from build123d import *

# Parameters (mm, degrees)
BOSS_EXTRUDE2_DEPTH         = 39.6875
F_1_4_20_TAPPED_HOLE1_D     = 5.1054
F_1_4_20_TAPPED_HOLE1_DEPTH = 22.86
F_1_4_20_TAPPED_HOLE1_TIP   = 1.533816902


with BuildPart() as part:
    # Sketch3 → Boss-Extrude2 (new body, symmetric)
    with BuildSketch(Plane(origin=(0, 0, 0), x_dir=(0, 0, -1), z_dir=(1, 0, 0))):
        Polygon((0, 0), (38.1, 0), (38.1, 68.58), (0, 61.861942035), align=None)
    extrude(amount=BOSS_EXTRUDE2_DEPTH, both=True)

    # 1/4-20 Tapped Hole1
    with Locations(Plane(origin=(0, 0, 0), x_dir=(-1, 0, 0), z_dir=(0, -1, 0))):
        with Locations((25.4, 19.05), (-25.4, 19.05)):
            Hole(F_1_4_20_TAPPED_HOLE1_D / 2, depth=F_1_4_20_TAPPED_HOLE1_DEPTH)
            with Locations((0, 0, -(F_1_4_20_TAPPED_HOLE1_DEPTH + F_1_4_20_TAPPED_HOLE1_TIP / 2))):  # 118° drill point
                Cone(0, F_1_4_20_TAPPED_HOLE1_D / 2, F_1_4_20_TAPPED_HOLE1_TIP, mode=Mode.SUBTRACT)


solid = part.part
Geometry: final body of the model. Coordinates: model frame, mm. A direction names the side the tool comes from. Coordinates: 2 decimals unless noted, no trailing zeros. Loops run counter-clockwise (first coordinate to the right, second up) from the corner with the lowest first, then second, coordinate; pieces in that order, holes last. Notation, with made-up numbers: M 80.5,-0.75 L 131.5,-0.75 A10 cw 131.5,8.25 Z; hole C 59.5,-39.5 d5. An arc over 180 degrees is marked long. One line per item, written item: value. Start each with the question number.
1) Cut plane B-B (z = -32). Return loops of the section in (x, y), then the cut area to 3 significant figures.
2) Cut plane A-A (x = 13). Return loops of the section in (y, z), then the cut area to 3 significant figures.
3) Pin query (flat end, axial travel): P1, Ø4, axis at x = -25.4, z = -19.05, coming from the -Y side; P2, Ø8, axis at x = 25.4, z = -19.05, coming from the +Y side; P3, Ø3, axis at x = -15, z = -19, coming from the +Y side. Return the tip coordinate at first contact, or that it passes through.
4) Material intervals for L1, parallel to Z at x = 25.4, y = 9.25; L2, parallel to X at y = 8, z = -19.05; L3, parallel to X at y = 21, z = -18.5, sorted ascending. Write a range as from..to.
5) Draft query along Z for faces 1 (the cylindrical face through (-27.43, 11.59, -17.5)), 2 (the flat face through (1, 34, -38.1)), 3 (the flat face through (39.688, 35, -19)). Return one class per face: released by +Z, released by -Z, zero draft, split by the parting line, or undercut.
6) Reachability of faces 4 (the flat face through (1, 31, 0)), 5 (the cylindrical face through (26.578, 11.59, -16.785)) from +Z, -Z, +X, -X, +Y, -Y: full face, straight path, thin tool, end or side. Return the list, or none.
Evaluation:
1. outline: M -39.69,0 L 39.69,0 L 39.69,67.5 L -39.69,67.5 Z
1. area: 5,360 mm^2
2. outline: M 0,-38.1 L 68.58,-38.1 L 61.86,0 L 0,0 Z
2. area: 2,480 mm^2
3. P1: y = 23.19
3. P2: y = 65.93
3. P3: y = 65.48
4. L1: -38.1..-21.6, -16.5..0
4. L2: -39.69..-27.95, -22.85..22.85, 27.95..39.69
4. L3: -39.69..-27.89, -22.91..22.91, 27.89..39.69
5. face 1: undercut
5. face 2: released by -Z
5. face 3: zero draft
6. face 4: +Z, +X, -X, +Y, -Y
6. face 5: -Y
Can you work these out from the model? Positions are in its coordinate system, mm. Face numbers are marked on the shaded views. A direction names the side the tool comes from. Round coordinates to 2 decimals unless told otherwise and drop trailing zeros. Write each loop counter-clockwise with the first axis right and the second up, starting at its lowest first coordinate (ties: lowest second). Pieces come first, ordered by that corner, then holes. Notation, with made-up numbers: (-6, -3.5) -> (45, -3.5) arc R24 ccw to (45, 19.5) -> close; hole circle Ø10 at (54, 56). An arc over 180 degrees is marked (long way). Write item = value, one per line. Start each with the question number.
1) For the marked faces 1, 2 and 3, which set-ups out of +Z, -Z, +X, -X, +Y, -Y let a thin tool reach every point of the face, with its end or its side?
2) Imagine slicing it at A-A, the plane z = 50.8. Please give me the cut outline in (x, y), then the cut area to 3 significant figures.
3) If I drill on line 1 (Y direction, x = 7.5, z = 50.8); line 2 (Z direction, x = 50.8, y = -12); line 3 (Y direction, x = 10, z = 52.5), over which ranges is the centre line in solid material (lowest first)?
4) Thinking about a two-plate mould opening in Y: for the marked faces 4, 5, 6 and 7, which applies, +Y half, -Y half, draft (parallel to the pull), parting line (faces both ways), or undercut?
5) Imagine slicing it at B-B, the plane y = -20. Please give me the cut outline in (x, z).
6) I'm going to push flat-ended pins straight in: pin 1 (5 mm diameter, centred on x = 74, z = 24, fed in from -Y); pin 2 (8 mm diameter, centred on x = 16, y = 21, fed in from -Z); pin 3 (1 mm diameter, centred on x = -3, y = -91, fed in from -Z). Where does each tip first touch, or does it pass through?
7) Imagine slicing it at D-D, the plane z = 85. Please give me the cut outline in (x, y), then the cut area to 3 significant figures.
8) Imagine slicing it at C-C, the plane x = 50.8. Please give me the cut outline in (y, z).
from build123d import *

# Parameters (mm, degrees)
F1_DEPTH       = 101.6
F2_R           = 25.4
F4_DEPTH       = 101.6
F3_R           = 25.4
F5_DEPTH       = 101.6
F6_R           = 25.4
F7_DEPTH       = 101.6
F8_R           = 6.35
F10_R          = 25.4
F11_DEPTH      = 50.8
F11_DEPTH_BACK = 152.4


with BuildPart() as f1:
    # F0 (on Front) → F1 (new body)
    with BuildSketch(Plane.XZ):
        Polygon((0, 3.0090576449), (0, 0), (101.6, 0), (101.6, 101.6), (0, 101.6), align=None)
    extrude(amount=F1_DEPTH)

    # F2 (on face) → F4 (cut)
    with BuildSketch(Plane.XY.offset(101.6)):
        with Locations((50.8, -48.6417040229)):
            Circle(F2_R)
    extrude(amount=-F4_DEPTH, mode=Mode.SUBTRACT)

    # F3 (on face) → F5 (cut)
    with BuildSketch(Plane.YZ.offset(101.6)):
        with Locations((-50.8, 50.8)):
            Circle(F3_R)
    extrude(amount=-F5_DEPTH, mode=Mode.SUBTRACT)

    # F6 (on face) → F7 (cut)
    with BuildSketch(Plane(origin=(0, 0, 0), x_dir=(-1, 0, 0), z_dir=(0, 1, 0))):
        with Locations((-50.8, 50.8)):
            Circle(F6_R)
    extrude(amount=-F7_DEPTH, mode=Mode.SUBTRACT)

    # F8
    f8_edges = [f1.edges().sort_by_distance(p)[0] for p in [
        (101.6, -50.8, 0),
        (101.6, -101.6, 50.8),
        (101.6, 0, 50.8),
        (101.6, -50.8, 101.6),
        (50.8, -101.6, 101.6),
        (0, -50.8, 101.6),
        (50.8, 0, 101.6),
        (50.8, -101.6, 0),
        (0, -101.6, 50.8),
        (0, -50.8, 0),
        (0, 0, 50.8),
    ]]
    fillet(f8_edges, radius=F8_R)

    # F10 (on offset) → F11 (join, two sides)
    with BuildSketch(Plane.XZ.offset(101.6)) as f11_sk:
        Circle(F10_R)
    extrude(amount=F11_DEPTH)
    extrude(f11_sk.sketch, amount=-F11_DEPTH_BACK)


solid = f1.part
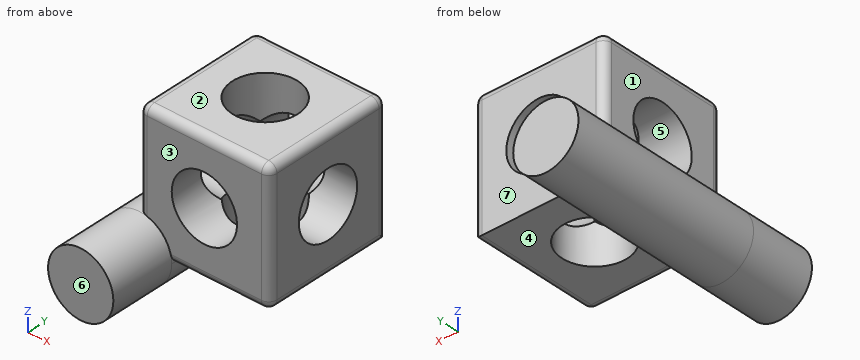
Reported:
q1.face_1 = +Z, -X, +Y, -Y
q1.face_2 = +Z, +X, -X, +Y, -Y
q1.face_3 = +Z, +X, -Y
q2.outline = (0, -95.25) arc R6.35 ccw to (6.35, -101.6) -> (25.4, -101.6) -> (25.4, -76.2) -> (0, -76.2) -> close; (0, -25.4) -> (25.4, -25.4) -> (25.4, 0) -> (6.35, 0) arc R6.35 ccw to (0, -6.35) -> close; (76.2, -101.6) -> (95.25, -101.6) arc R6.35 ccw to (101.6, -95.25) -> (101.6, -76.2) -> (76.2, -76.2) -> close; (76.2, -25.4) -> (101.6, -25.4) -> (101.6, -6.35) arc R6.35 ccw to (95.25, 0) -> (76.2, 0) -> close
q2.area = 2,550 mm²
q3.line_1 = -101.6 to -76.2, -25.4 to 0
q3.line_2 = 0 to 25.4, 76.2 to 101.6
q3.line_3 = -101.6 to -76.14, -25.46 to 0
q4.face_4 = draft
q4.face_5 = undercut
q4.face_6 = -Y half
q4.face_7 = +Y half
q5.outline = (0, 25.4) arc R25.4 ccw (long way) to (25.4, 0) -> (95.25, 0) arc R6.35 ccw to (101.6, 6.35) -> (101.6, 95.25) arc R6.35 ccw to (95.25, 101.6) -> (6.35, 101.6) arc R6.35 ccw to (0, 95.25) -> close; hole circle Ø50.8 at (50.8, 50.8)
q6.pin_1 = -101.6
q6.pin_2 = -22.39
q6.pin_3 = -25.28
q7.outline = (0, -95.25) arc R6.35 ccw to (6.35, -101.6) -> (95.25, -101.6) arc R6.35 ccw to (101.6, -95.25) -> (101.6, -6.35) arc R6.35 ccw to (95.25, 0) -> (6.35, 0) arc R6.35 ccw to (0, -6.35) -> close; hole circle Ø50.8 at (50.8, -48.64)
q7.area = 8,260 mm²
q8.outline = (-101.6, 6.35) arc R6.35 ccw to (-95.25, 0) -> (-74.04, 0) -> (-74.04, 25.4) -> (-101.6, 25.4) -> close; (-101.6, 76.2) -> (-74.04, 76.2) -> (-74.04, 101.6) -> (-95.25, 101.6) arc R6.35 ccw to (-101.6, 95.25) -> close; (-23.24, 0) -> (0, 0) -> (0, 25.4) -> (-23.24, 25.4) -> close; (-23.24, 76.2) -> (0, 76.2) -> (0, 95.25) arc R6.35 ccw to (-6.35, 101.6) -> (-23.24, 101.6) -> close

= = = = = = =

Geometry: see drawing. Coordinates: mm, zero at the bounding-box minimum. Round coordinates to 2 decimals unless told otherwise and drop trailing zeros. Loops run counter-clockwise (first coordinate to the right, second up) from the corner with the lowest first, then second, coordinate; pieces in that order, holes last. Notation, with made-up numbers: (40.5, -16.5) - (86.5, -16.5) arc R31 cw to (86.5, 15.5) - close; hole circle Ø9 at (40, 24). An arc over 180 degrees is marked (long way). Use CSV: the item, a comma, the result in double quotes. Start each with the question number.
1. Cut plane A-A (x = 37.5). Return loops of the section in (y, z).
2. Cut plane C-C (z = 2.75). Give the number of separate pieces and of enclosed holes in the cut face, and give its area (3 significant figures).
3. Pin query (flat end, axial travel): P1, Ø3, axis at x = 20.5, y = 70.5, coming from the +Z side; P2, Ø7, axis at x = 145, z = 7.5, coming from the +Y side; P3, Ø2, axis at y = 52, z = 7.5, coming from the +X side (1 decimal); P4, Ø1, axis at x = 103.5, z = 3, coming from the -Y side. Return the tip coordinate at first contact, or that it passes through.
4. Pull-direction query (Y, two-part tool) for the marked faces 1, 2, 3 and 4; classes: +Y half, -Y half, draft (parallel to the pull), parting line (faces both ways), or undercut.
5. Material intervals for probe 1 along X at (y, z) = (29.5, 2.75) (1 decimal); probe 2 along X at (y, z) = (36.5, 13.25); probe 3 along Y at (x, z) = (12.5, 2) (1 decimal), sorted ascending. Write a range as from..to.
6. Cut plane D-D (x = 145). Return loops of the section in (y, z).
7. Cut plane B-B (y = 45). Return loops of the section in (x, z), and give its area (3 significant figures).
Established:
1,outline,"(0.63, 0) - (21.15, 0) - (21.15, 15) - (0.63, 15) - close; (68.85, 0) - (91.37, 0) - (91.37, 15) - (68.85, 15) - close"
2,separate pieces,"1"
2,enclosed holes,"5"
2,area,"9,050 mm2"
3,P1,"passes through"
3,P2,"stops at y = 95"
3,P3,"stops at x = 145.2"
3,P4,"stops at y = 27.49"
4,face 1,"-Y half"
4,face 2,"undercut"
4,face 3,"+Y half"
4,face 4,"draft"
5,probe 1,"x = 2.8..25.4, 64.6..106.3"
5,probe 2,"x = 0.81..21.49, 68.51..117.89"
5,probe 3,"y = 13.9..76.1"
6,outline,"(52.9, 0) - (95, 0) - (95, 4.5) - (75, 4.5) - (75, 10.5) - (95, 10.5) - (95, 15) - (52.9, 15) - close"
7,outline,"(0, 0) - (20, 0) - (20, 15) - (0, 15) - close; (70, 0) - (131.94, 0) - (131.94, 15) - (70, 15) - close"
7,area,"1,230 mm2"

= = = = = = =

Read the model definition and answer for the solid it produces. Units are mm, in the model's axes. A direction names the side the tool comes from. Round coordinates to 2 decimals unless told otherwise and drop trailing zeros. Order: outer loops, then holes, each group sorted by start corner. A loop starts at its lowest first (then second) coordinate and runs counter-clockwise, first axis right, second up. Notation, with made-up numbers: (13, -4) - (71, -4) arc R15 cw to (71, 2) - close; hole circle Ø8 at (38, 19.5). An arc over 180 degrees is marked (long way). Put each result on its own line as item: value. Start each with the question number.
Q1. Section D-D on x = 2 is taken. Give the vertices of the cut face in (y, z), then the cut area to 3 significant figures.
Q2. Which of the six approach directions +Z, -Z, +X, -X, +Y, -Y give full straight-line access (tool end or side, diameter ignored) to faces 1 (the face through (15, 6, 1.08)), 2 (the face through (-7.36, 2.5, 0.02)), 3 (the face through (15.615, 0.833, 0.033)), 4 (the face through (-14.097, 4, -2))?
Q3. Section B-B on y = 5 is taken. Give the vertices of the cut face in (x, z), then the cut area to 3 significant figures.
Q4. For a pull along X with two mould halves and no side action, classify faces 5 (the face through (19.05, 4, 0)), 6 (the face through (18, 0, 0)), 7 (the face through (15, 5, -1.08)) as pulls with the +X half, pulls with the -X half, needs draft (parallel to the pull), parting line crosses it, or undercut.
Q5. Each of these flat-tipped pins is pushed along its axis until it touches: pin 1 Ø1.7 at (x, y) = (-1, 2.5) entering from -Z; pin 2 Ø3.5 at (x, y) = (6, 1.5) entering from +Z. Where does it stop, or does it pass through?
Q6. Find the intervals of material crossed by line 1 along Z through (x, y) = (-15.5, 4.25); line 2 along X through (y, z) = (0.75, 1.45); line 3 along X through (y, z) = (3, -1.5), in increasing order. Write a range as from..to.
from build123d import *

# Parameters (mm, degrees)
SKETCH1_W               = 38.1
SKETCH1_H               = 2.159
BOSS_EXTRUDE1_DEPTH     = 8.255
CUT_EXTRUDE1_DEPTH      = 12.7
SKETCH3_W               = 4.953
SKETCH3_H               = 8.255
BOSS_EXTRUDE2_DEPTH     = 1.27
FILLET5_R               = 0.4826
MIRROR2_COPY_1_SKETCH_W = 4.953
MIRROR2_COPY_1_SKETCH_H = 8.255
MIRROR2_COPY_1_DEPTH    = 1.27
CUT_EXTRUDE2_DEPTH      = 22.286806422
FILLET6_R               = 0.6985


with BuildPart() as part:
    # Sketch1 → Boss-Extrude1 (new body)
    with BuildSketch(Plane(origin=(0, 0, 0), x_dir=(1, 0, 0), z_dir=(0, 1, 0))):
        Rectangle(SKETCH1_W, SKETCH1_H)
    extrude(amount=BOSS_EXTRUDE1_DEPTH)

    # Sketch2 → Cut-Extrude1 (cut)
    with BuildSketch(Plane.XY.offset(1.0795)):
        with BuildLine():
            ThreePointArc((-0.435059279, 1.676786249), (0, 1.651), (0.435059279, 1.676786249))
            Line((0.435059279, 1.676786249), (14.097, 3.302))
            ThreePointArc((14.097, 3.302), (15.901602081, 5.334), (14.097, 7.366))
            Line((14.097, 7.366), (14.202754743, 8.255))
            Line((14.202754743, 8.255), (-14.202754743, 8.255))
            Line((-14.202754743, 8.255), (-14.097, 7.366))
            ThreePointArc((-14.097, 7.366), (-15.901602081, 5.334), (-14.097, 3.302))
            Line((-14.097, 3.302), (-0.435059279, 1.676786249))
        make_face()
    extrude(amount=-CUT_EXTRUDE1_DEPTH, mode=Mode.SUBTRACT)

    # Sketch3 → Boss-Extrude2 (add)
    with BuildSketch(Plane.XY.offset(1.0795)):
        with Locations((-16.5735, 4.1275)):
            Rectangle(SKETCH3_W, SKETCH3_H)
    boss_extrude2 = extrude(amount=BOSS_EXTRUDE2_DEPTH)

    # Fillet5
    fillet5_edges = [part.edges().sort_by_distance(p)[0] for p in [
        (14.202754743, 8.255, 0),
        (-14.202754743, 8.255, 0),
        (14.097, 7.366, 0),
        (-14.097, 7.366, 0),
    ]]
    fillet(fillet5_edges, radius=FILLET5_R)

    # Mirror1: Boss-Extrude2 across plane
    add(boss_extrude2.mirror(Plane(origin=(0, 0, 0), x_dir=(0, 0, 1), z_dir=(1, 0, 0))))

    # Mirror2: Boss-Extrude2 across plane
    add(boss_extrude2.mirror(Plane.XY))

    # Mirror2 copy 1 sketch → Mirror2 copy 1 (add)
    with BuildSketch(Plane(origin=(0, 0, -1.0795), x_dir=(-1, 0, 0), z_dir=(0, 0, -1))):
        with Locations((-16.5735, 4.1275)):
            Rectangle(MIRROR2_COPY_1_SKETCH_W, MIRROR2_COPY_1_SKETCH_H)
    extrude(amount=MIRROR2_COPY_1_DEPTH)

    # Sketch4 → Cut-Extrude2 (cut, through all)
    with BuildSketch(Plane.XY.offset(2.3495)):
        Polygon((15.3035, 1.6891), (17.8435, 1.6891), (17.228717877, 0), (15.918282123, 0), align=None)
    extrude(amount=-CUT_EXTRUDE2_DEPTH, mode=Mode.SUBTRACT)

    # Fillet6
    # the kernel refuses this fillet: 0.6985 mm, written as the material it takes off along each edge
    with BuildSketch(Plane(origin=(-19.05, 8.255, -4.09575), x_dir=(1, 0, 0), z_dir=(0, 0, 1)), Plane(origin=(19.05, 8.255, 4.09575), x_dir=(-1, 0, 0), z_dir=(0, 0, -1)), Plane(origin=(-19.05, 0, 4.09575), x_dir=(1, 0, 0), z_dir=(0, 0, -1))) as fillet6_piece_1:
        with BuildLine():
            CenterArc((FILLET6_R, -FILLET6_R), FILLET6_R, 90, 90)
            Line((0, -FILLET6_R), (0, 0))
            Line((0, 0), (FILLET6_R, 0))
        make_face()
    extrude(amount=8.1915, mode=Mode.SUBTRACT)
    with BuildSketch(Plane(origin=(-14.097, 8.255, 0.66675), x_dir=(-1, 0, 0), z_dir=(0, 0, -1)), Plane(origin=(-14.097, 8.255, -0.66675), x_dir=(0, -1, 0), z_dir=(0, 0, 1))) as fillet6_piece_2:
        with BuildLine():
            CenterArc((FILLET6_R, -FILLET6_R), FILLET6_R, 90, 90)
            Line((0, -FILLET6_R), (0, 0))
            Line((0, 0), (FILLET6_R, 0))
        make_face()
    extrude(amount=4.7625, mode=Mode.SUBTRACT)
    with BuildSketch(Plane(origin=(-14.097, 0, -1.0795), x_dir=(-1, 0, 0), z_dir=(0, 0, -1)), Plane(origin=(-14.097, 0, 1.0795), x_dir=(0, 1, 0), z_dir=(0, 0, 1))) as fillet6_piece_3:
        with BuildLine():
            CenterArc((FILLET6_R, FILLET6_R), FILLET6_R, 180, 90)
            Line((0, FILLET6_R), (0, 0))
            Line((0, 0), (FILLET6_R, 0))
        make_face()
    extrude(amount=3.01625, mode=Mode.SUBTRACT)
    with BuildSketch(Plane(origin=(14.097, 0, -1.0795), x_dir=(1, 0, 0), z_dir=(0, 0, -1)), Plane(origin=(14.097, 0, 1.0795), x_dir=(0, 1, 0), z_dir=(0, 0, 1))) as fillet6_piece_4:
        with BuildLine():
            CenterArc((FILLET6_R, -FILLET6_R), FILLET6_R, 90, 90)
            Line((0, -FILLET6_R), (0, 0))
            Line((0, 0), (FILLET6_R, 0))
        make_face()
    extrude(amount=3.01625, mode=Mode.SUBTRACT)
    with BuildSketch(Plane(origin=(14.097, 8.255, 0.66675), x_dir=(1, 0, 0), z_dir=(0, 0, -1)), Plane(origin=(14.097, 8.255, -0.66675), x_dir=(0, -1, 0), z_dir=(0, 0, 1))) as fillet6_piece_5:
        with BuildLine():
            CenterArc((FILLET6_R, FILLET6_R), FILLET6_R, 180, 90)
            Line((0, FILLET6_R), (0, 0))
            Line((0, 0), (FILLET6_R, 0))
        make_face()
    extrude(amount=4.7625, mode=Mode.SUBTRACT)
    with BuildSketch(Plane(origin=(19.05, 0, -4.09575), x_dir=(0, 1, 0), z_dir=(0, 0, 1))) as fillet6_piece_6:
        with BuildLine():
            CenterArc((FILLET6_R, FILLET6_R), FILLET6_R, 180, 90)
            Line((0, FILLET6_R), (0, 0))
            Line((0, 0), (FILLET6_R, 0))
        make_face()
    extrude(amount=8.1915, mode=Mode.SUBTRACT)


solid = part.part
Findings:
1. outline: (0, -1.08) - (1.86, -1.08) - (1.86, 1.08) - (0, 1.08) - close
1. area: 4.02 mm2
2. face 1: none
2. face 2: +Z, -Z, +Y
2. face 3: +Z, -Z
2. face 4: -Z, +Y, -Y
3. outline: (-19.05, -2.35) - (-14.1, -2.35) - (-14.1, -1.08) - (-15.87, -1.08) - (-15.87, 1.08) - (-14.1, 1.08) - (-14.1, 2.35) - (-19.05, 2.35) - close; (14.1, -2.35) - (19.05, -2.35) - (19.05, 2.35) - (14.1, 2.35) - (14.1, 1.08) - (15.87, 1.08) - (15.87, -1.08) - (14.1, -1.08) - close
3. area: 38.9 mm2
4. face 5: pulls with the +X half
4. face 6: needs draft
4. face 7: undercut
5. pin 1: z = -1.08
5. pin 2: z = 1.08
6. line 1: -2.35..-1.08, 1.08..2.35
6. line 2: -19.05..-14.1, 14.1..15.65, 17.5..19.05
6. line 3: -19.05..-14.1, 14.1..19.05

= = = = = = =

§ **Your task**
Could you count how many lines of the listing above contain the word "Rectangle" and give only that number?

§ **Your solution**
3